Gabriela Wiener es tan sincera que convence. Convence a los que la han leído y a los que no. Su trabajo siempre parte de su experiencia. Narra desde sus afectos.Está conectada con las historias que le interesa contar y nada más. En Sexografías, su primer libro, su primer hit, además de la crónica en la que cuenta cómo conoce a ese «gran semental» del porno hardcore que es Nacho Vidal, narra la historia de Badani y su poligamia cósmica, casi perfecta. Se introduce en un criadero de cerdos, donde los lechones más flacos tienen encima la amenaza de la muerte y entre ellos se siente más animal. Habla de Mozart, la iguana con priapismo; e intenta estudiar, casi antropológicamente, las tendencias de los tatuajes en la cárcel más peligrosa de Perú.

Ejerce el periodismo al estilo gonzo, en un trabajo en el que se sumerge como buzo sin miedo a retener la respiración. Es su modo de convertirse en un personaje que no indaga de manera impertinente en la intimidad de los demás. Eso no es lo suyo. Pero su trabajo se vuelve difuso. No es el mismo periodismo de quien acciona desde los conflictos de los migrantes mexicanos en la frontera con Estados Unidos. Aunque para muchos su ejercicio está ligado a la literatura, ella se rehúsa a entrar a ese club.
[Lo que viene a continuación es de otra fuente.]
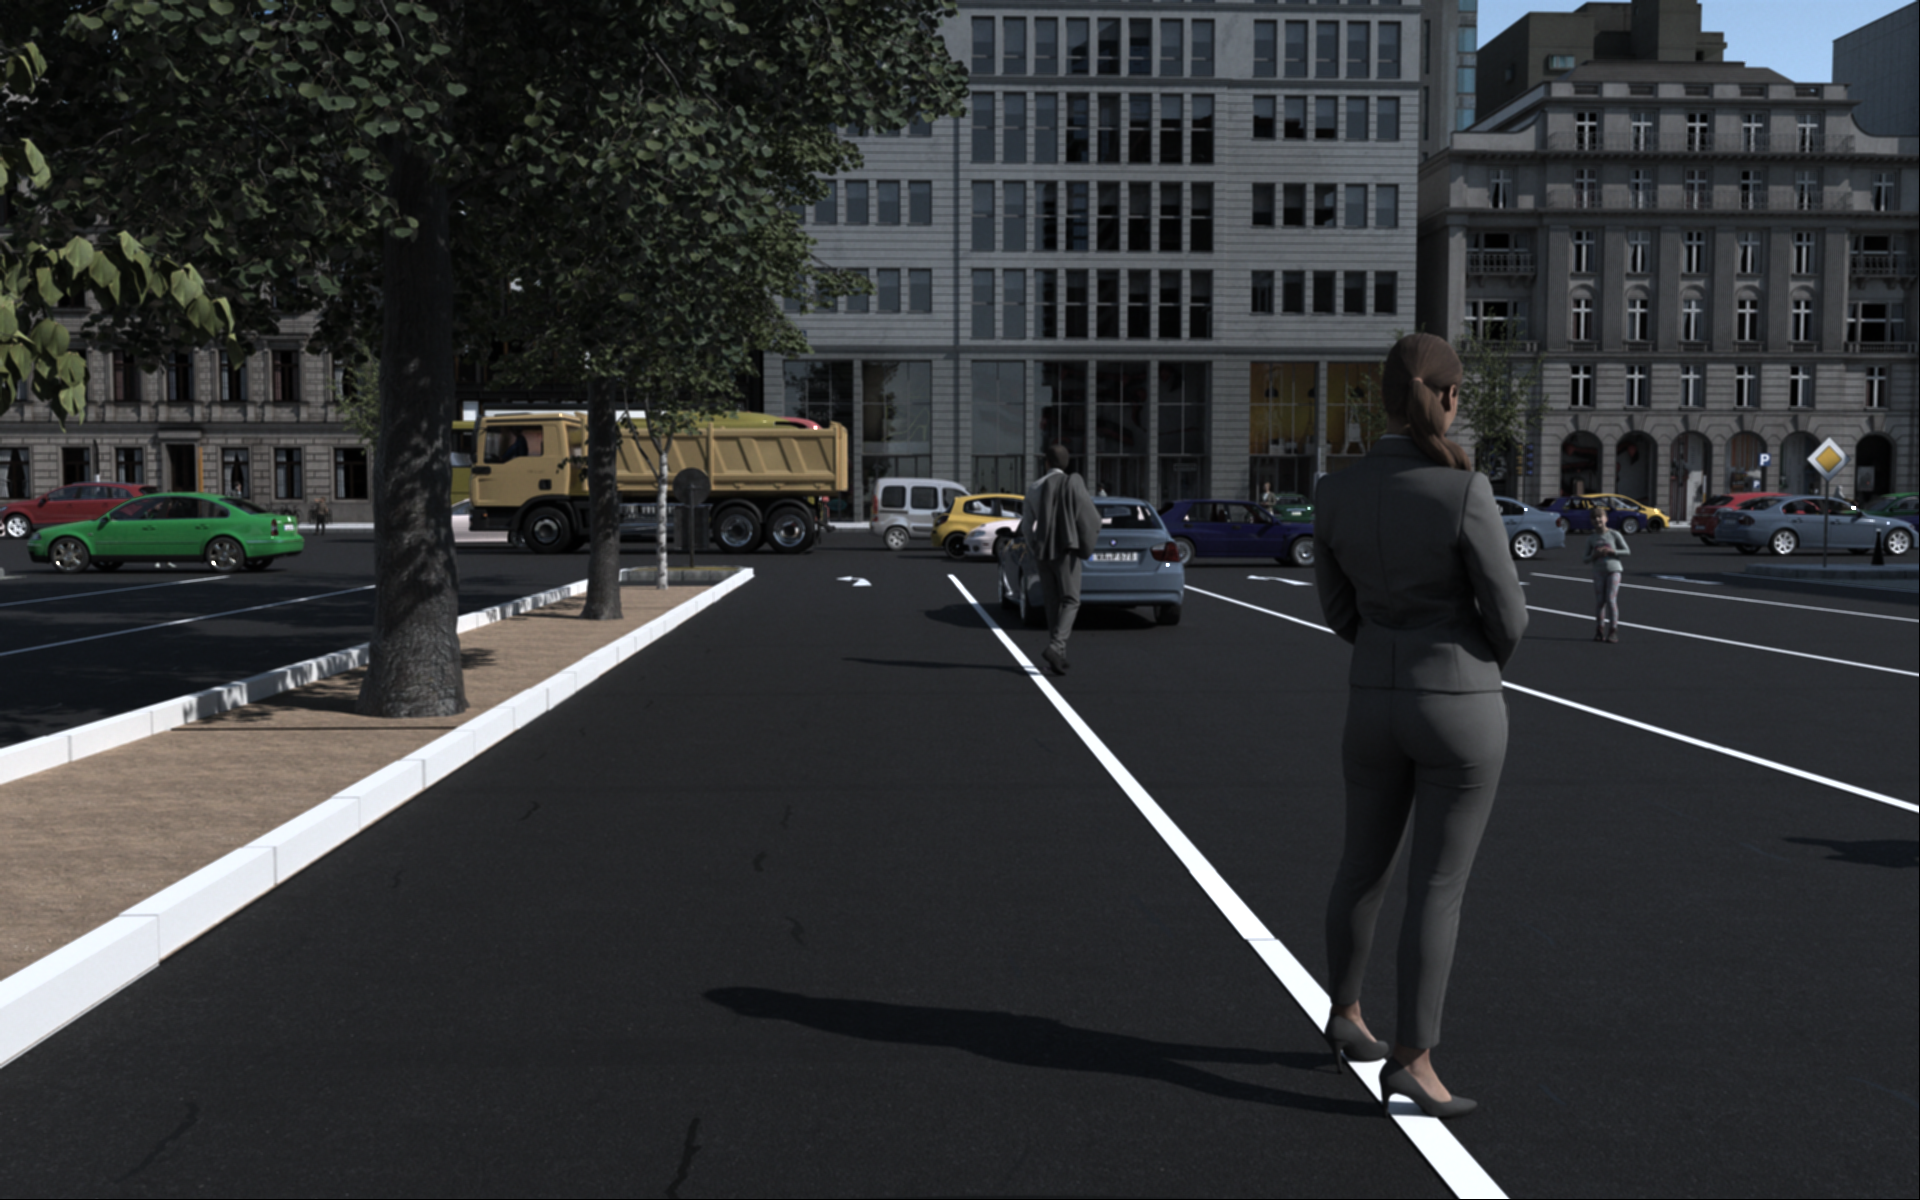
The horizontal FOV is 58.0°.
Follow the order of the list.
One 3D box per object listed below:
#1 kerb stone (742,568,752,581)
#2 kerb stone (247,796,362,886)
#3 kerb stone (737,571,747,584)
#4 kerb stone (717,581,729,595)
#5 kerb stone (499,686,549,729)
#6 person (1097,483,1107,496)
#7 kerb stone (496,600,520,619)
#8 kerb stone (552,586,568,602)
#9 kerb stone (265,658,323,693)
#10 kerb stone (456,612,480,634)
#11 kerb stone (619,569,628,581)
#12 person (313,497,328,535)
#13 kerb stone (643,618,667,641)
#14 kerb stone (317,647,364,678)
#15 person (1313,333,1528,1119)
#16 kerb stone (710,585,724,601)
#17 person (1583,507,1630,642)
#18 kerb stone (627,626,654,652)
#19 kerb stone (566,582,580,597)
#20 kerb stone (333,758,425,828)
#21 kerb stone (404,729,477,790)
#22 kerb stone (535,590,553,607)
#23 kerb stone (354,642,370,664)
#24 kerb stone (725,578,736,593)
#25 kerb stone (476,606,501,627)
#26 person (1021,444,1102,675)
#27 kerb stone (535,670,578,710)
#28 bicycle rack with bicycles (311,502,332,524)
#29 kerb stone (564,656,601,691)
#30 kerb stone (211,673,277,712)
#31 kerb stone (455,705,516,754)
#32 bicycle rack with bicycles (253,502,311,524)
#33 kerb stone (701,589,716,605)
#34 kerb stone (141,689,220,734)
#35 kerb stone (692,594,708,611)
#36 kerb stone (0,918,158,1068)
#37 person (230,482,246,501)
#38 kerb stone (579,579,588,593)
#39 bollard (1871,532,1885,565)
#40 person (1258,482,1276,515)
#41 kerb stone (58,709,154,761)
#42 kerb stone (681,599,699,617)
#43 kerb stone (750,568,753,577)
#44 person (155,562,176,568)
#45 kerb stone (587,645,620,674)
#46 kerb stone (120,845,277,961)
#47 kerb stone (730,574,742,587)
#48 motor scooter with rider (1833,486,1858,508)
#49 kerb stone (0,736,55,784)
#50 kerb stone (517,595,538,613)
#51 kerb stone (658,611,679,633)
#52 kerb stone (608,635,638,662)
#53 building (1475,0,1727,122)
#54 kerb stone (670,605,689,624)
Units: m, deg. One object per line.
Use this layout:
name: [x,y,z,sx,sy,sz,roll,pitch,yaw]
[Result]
kerb stone: [-3.562,-0.383,28.463,0.120,0.150,1.000,0,4,-3]
kerb stone: [-2.576,0.943,6.816,0.120,0.150,1.000,0,4,-3]
kerb stone: [-3.519,-0.321,27.437,0.120,0.150,1.000,0,4,-3]
kerb stone: [-3.380,-0.126,24.338,0.120,0.150,1.000,0,4,-3]
kerb stone: [-2.767,0.689,10.930,0.120,0.150,1.000,0,4,-3]
person: [4.560,-2.936,56.680,0.466,1.800,0.511,1,4,9]
kerb stone: [-5.282,0.134,20.008,0.120,0.150,1.000,0,4,-3]
kerb stone: [-5.417,-0.054,23.099,0.120,0.150,1.000,0,4,-3]
kerb stone: [-4.953,0.574,12.810,0.120,0.150,1.000,0,4,-3]
kerb stone: [-5.185,0.259,17.953,0.120,0.150,1.000,0,4,-3]
kerb stone: [-5.704,-0.428,29.277,0.120,0.150,1.000,0,4,-3]
person: [-22.394,-2.947,60.593,0.340,1.345,0.435,2,4,30]
kerb stone: [-3.043,0.310,17.119,0.120,0.150,1.000,0,4,-3]
kerb stone: [-4.998,0.511,13.837,0.120,0.150,1.000,0,4,-3]
person: [1.092,0.288,4.064,0.520,1.790,0.573,2,4,31]
kerb stone: [-3.322,-0.068,23.302,0.120,0.150,1.000,0,4,-3]
person: [6.285,-0.249,16.847,0.425,1.301,0.394,1,4,17]
kerb stone: [-2.999,0.375,16.092,0.120,0.150,1.000,0,4,-3]
kerb stone: [-5.474,-0.114,24.134,0.120,0.150,1.000,0,4,-3]
kerb stone: [-2.628,0.878,7.843,0.120,0.150,1.000,0,4,-3]
kerb stone: [-2.668,0.815,8.877,0.120,0.150,1.000,0,4,-3]
kerb stone: [-5.373,0.009,22.072,0.120,0.150,1.000,0,4,-3]
kerb stone: [-5.051,0.449,14.864,0.120,0.150,1.000,0,4,-3]
kerb stone: [-3.422,-0.190,25.365,0.120,0.150,1.000,0,4,-3]
kerb stone: [-5.228,0.197,18.980,0.120,0.150,1.000,0,4,-3]
person: [0.818,-0.325,13.911,0.679,1.850,0.850,1,4,21]
kerb stone: [-2.804,0.629,11.957,0.120,0.150,1.000,0,4,-3]
bicycle rack with bicycles: [-28.183,-3.754,74.760,2.852,0.926,2.925,0,4,4]
kerb stone: [-2.853,0.563,12.991,0.120,0.150,1.000,0,4,-3]
kerb stone: [-4.896,0.637,11.773,0.120,0.150,1.000,0,4,-3]
kerb stone: [-2.719,0.752,9.903,0.120,0.150,1.000,0,4,-3]
bicycle rack with bicycles: [-27.722,-3.351,68.169,2.852,0.926,2.925,3,5,45]
kerb stone: [-3.283,-0.005,22.275,0.120,0.150,1.000,0,4,-3]
kerb stone: [-4.858,0.701,10.741,0.120,0.150,1.000,0,4,-3]
kerb stone: [-3.232,0.058,21.242,0.120,0.150,1.000,0,4,-3]
kerb stone: [-2.474,1.066,4.763,0.120,0.150,1.000,0,4,-3]
person: [-24.331,-3.070,58.500,0.447,1.846,0.655,0,4,2]
kerb stone: [-5.514,-0.181,25.161,0.120,0.150,1.000,0,4,-3]
bollard: [16.594,-0.933,31.295,0.229,0.601,0.229,0,3,0]
person: [8.543,-2.405,48.376,0.519,1.759,0.362,2,4,30]
kerb stone: [-4.810,0.764,9.715,0.120,0.150,1.000,0,4,-3]
kerb stone: [-3.190,0.123,20.208,0.120,0.150,1.000,0,4,-3]
kerb stone: [-3.618,-0.446,29.493,0.120,0.150,1.000,0,4,-3]
person: [-15.573,-1.305,33.749,0.340,1.345,0.435,2,4,33]
kerb stone: [-2.911,0.500,14.018,0.120,0.150,1.000,0,4,-3]
kerb stone: [-2.530,1.003,5.789,0.120,0.150,1.000,0,4,-3]
kerb stone: [-3.469,-0.257,26.400,0.120,0.150,1.000,0,4,-3]
motor scooter with rider: [32.436,-3.327,63.353,1.986,1.779,0.876,0,4,-3]
kerb stone: [-4.770,0.826,8.688,0.120,0.150,1.000,0,4,-3]
kerb stone: [-5.324,0.070,21.045,0.120,0.150,1.000,0,4,-3]
kerb stone: [-3.087,0.250,18.150,0.120,0.150,1.000,0,4,-3]
kerb stone: [-2.955,0.438,15.058,0.120,0.150,1.000,0,4,-3]
building: [61.741,-33.372,169.340,21.600,48.544,21.300,0,4,-3]
kerb stone: [-3.143,0.185,19.181,0.120,0.150,1.000,0,4,-3]

En Dicen de mí, su último libro, Wiener utiliza la entrevista para construir un Frankenstein de sí misma. Entrevista a Jaime, su marido; a Rocío, la madre de su hijo (son una familia con un padre y dos madres); intenta hablar con su agresor, un exnovio que le rompió la nariz. También conversa con la escritora argentina Leila Guerriero, a quien Wiener reconoce como su tótem. Guerriero le dice a Wiener sobre su escritura que «hay una intención muy potente de comprender un mundo ajeno, como ponerle el cuerpo a esa experimentación y en ese ponerle el cuerpo (trabajas con material potencialmente sórdido, pero nunca caes en lo morboso, es una operación casi milagrosa) hay un esfuerzo por traducir esa realidad a algo que un lector pueda comprender, como traducir algo complejo a algo igual de complejo».

Para Guerriero se trata de ponerse incómoda, recorrer otros senderos. «Creo que siempre conviene trabajar un poco en contra de los caminos que una ya conoce», dice la argentina. Wiener se pone incómoda con su escritura para contar su cuerpo y sus propios afectos.Lo hizo, aún cuando no había más mujeres haciéndolo en Perú. Ahora, ese ejercicio necesario que inició quiere que se convierta en nuevas voces que armen un gran relato humano.
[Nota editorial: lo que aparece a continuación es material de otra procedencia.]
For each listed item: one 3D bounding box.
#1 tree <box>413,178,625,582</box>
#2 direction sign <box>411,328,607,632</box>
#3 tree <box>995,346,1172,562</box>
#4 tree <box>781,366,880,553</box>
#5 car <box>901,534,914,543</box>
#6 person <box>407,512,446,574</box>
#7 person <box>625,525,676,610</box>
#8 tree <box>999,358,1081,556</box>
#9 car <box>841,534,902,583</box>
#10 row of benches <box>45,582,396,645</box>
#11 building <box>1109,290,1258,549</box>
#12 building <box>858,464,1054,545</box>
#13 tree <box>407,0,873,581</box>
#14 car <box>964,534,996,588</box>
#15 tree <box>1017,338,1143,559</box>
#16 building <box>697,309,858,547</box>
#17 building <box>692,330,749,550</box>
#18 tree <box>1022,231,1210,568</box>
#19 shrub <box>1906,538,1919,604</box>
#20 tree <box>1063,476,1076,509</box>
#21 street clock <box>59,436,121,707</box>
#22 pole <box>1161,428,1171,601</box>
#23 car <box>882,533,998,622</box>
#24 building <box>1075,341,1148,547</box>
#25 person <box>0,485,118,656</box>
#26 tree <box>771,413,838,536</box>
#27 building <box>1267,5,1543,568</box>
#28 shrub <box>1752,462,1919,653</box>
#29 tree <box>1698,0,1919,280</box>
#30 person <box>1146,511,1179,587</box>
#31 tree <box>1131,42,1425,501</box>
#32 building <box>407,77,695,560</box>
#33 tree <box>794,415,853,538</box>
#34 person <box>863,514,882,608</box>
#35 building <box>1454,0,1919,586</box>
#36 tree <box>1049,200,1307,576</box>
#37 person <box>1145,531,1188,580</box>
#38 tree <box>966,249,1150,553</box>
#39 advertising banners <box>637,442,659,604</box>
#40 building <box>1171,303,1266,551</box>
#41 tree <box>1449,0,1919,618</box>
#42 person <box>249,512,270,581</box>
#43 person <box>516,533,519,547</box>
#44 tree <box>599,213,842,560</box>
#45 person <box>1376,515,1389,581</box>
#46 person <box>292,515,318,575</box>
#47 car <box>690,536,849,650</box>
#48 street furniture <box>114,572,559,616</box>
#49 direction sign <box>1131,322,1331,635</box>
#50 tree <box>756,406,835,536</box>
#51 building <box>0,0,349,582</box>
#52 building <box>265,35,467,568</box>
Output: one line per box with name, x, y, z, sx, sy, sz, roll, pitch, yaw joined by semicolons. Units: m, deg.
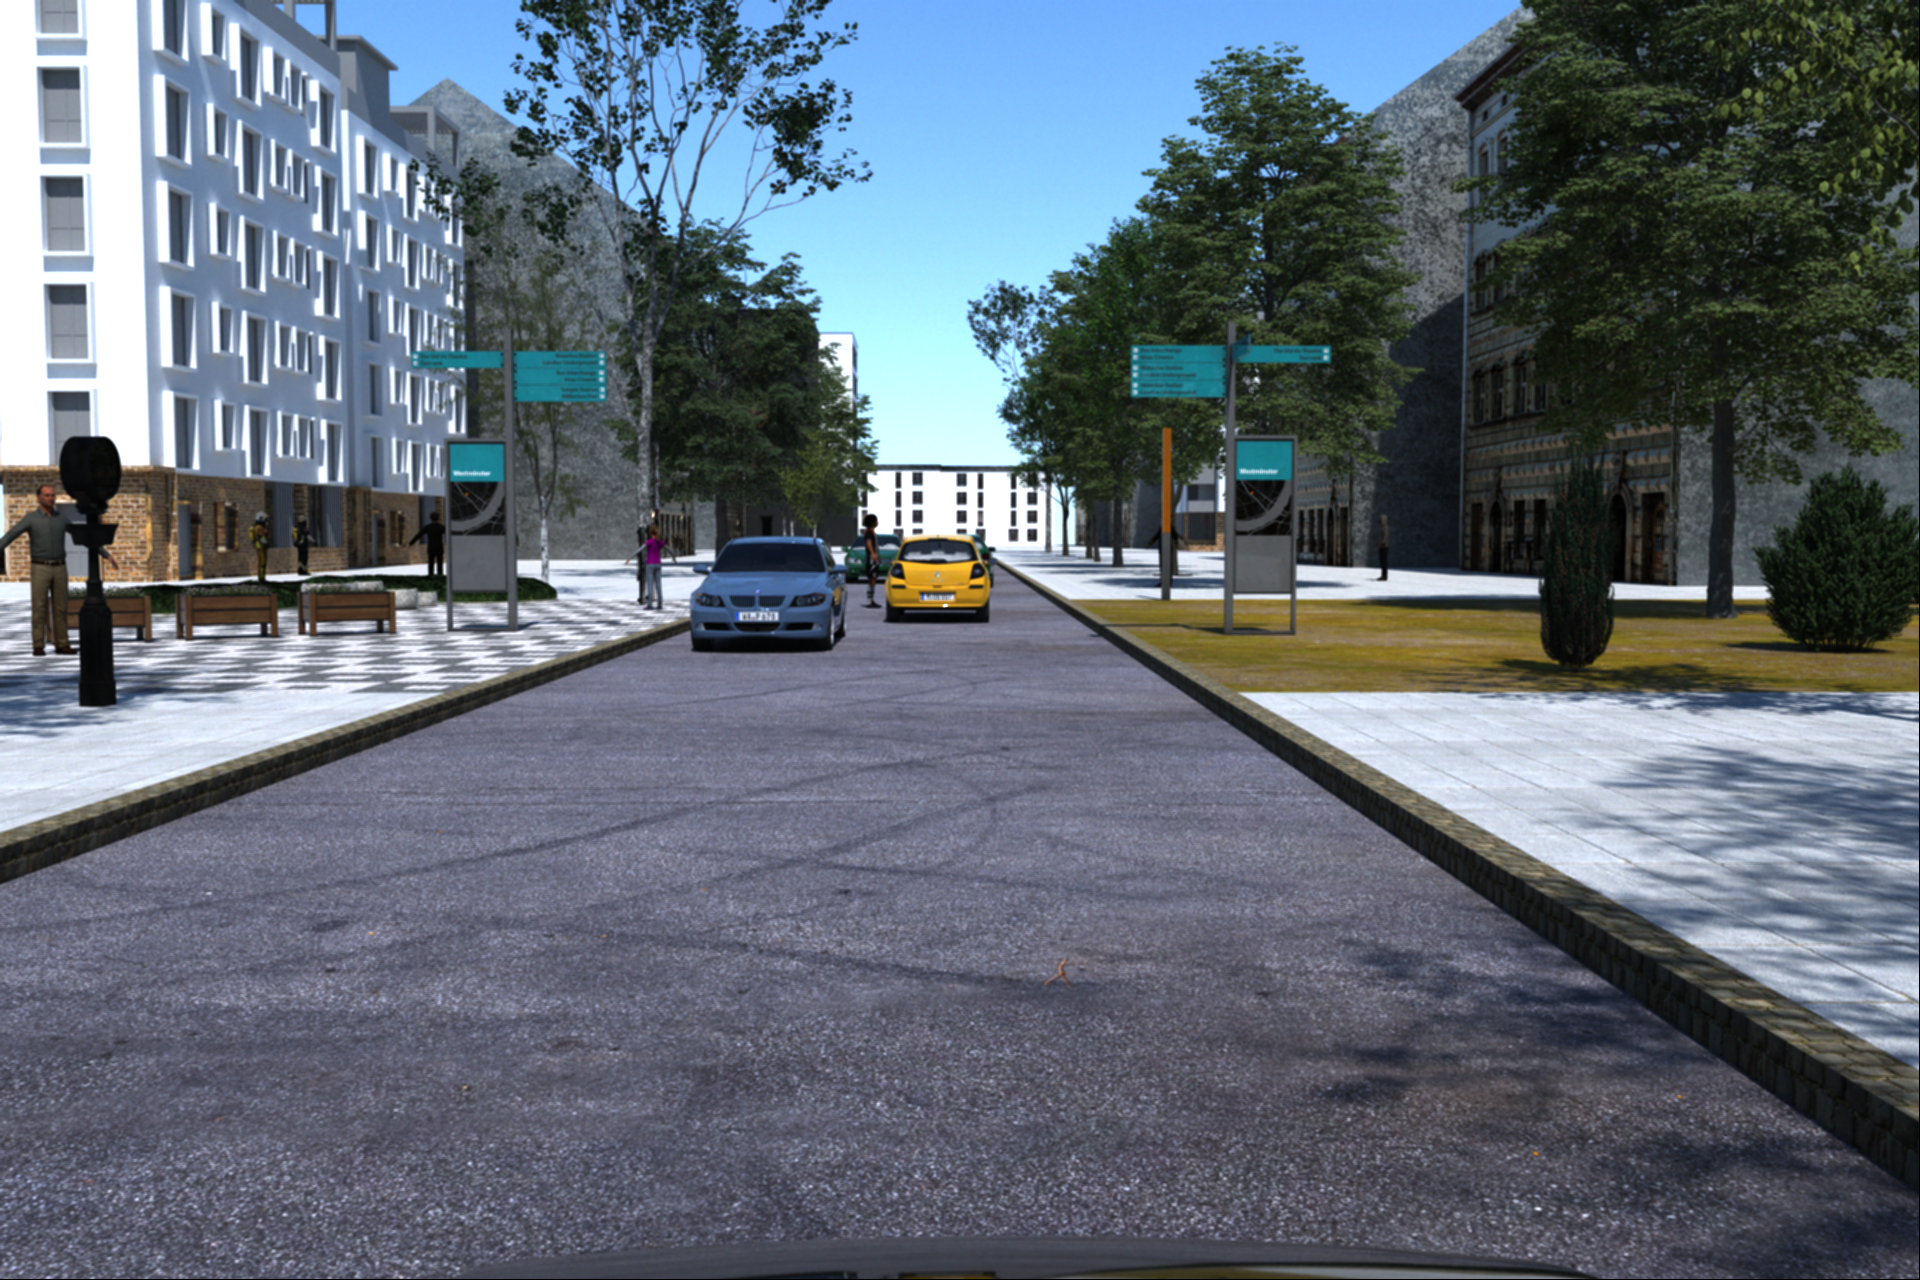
tree;-8.523;-5.242;36.074;4.360;8.622;3.978;0;3;0
direction sign;-5.866;-2.104;23.167;2.525;3.948;1.411;0;4;0
tree;6.101;-8.849;79.099;8.767;10.594;7.601;-2;4;-34
tree;-8.989;-12.136;116.546;7.486;12.596;7.792;0;3;0
car;-1.995;-4.770;89.780;2.131;1.459;4.920;0;3;0
person;-12.492;-2.145;41.262;1.347;1.806;0.705;0;4;-6
person;-5.228;-1.231;29.398;0.991;1.433;0.599;-3;5;-41
tree;6.067;-10.672;100.247;9.928;11.665;9.643;0;3;0
car;-2.465;-2.459;51.999;2.131;1.459;4.920;0;4;-1
row of benches;-9.090;-0.355;21.260;4.104;0.672;1.422;-2;4;-34
building;24.100;-20.211;161.386;19.493;23.208;18.063;0;4;0
building;-2.514;-16.206;209.565;28.070;9.664;9.099;0;4;-2
tree;-8.518;-11.745;47.924;12.611;20.169;13.585;0;3;0
car;-0.051;-2.197;47.713;2.131;1.459;4.920;0;4;-2
tree;6.502;-9.972;88.797;9.928;11.665;9.643;0;3;0
building;-24.759;-20.148;173.388;27.936;21.610;32.646;0;4;-1
building;-28.594;-19.320;146.804;19.493;23.208;18.063;0;4;-1
tree;6.127;-8.984;65.020;7.486;12.596;7.792;0;3;0
shrub;17.640;-1.269;31.860;1.383;1.207;1.383;0;3;0
tree;17.406;-18.264;208.986;12.009;13.543;11.850;0;3;0
street clock;-6.450;-0.510;12.901;0.358;2.002;0.471;0;4;1
pole;3.979;-2.419;33.396;0.158;3.312;0.155;0;3;0
car;-0.355;-1.179;29.506;2.015;1.641;3.980;0;4;0
building;22.287;-21.664;185.137;19.493;23.208;18.063;0;3;0
person;-9.656;-0.740;18.374;0.705;1.796;1.348;3;5;41
tree;-9.337;-9.043;98.215;4.737;8.622;4.395;0;3;0
building;24.160;-14.886;74.312;19.493;23.208;18.063;0;4;0
shrub;9.633;-0.912;18.951;1.661;2.075;1.752;0;3;0
tree;6.505;-3.702;10.883;4.737;8.622;4.395;0;3;0
person;4.935;-2.196;41.836;0.705;1.837;1.347;-2;4;-26
tree;7.358;-7.498;40.715;7.486;12.596;7.792;0;3;0
building;-24.843;-16.026;92.961;19.493;23.208;18.063;0;4;-1
tree;-9.061;-9.462;105.068;4.360;8.622;3.978;0;3;0
person;-1.679;-1.529;33.603;0.704;1.843;1.345;0;4;1
building;26.753;-13.451;50.855;19.493;23.208;18.063;0;3;0
tree;6.646;-7.772;52.829;9.928;11.665;9.643;0;3;0
person;5.782;-2.549;48.482;1.217;1.733;0.721;0;4;-1
tree;7.101;-15.818;114.514;12.611;20.169;13.585;0;3;0
advertising banners;-5.804;-2.215;32.403;0.090;3.025;2.074;0;4;1
building;22.054;-17.492;142.406;16.016;20.090;11.380;0;4;0
tree;11.300;-6.615;26.286;7.486;12.596;7.792;0;3;0
person;-18.145;-2.405;45.092;0.705;1.858;1.354;-2;4;-24
person;-13.715;-2.823;52.374;1.346;1.802;0.704;3;5;39
tree;-9.458;-9.889;68.339;9.857;13.997;8.962;0;3;0
person;11.634;-2.543;47.707;0.705;1.813;1.348;1;4;8
person;-20.376;-2.935;53.760;1.354;1.856;0.705;3;5;40
car;-2.449;-0.666;22.884;2.014;1.417;4.499;0;4;-1
street furniture;-11.072;-0.980;31.653;5.734;0.657;10.072;1;4;14
direction sign;3.425;-1.993;21.356;2.525;3.948;1.411;0;4;-1
tree;-8.728;-8.384;87.448;4.737;8.622;4.395;0;3;0
building;-26.489;-11.695;47.640;16.016;20.090;11.380;0;4;0
building;-27.704;-12.890;67.164;16.016;20.090;11.380;0;4;-1

Has construido un personaje de ti misma a través de tus libros, ¿cómo eso ha cambiado tus perspectivas de las historias que buscas para contar y tu propia manera de contarte?

Mi literatura siempre ha partido de una autoexploración, de una vivencia, de una experiencia, de una inmersión en un mundo extraño. De alguna manera mis relatos hablan de esta retroalimentación entre los individuos y el mundo porque, como yo soy periodista, puedo a veces ser una especie de investigadora o detective de mí misma, o puedo ser hasta alguien que intenta escarbar en sus asuntos más profundos y a veces vergonzosos.

Termino esperando del mundo y, a veces, de los demás una respuesta. Por eso te digo que hay como una comunicación entre esa subjetividad que está en mis libros y el resto de personajes que transitan por allí. Tienes razón en que, aunque yo haga una literatura autorreferencial (yo lo que hago es no ficción), siempre uno está creándose como personaje, incluso cuando uno hace autobiografía, metes unas cosas y otras las dejas afuera.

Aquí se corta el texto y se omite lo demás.